Unnamed: 0,lr,l1_penalty,l2_penalty,Prec.,Rec.,F1
4,0.01,0.0001,1e-05,0.6,0.428571,0.5
0,0.01,0.001,0.0001,1.0,0.285714,0.444444
17,0.01,1e-05,1e-06,1.0,0.285714,0.444444
7,0.01,1e-05,0.01,0.666667,0.285714,0.4
19,0.01,1e-05,0.0001,0.666667,0.285714,0.4
18,1e-05,0.01,1e-06,0.085714,0.428571,0.142857
16,1e-06,0.01,0.001,0.044248,0.714286,0.083333
15,1e-05,1e-06,0.0001,0.042553,0.285714,0.074074
9,1e-06,1e-05,0.001,0.019048,0.285714,0.035714
6,1e-06,0.001,0.01,0.013333,0.285714,0.025478


_Note that to train a model without tuning any hyperparameters (at your own risk) just use the `train` method of the discriminative model. For instance, to train with 20 epochs and a learning rate of 0.001, you could run:_
```
disc_model.train(F_train, train_marginals, n_epochs=20, lr=0.001)
```

## 3. Evaluating on the Test Set

In this last section of the tutorial, we'll get the score we've been after: the performance of the extraction model on the blind test set (`split` 2). First, we load the test set labels and gold candidates we made in Part III.

In [12]:
from snorkel.annotations import load_gold_labels
L_gold_test = load_gold_labels(session, annotator_name='gold', split=2)

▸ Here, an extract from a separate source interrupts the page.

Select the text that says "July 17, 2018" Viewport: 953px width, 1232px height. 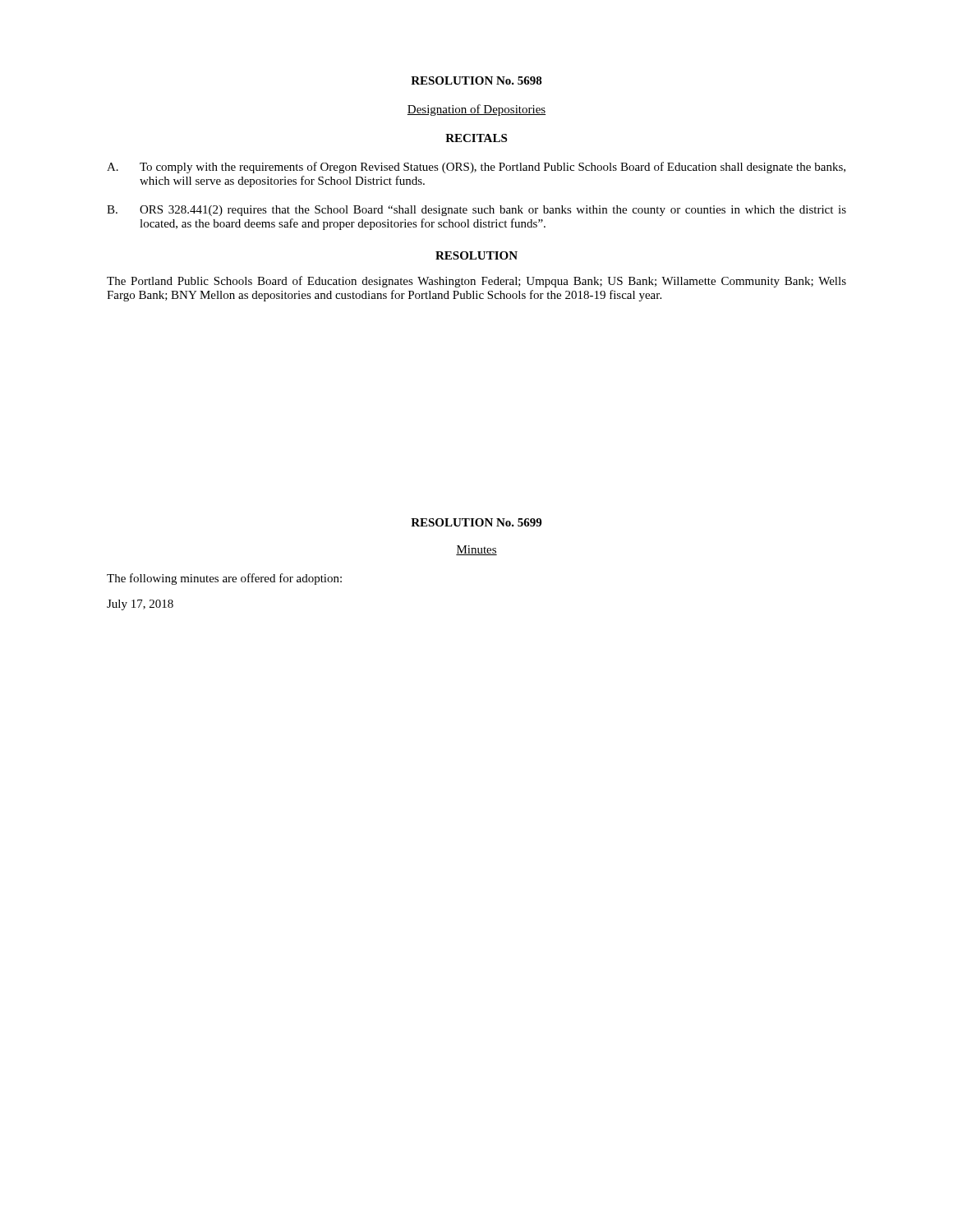coord(140,604)
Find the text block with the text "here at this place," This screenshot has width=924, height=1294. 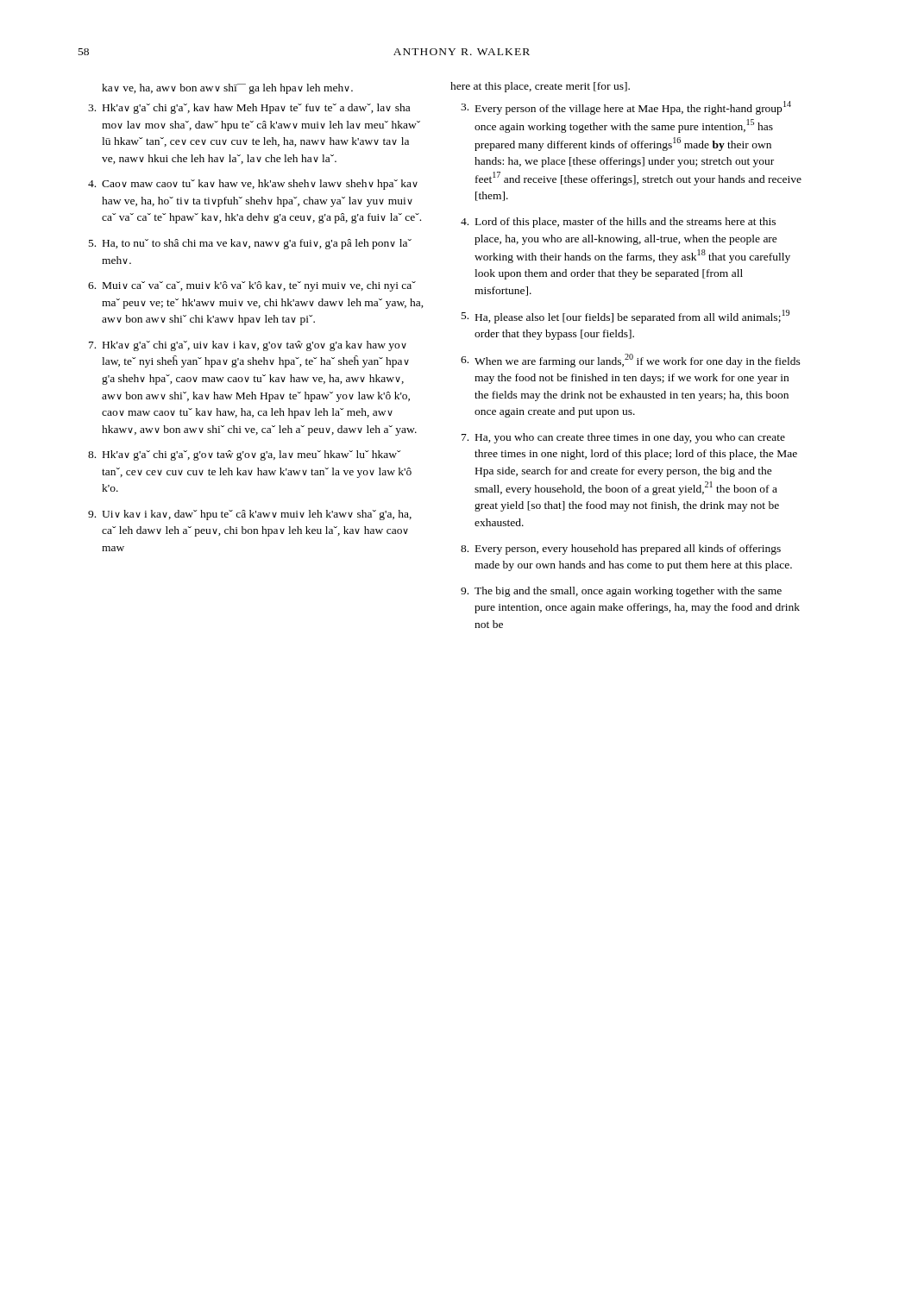(540, 86)

Now, we score using the discriminative model:

In [13]:
_, _, _, _ = disc_model.score(session, F_test, L_gold_test)

Scores (Un-adjusted)
Pos. class accuracy: 0.429
Neg. class accuracy: 0.993
Precision            0.6
Recall               0.429
F1                   0.5
----------------------------------------
TP: 3 | FP: 2 | TN: 270 | FN: 4



Note that if this is the final test set that you will be reporting final numbers on, to avoid biasing results you should not inspect results.  However you can run the model on your _development set_ and, as we did in the previous part with the generative labeling function model, inspect examples to do error analysis.

##### More importantly, you've now completed the introduction to Snorkel! Give yourself a pat on the back!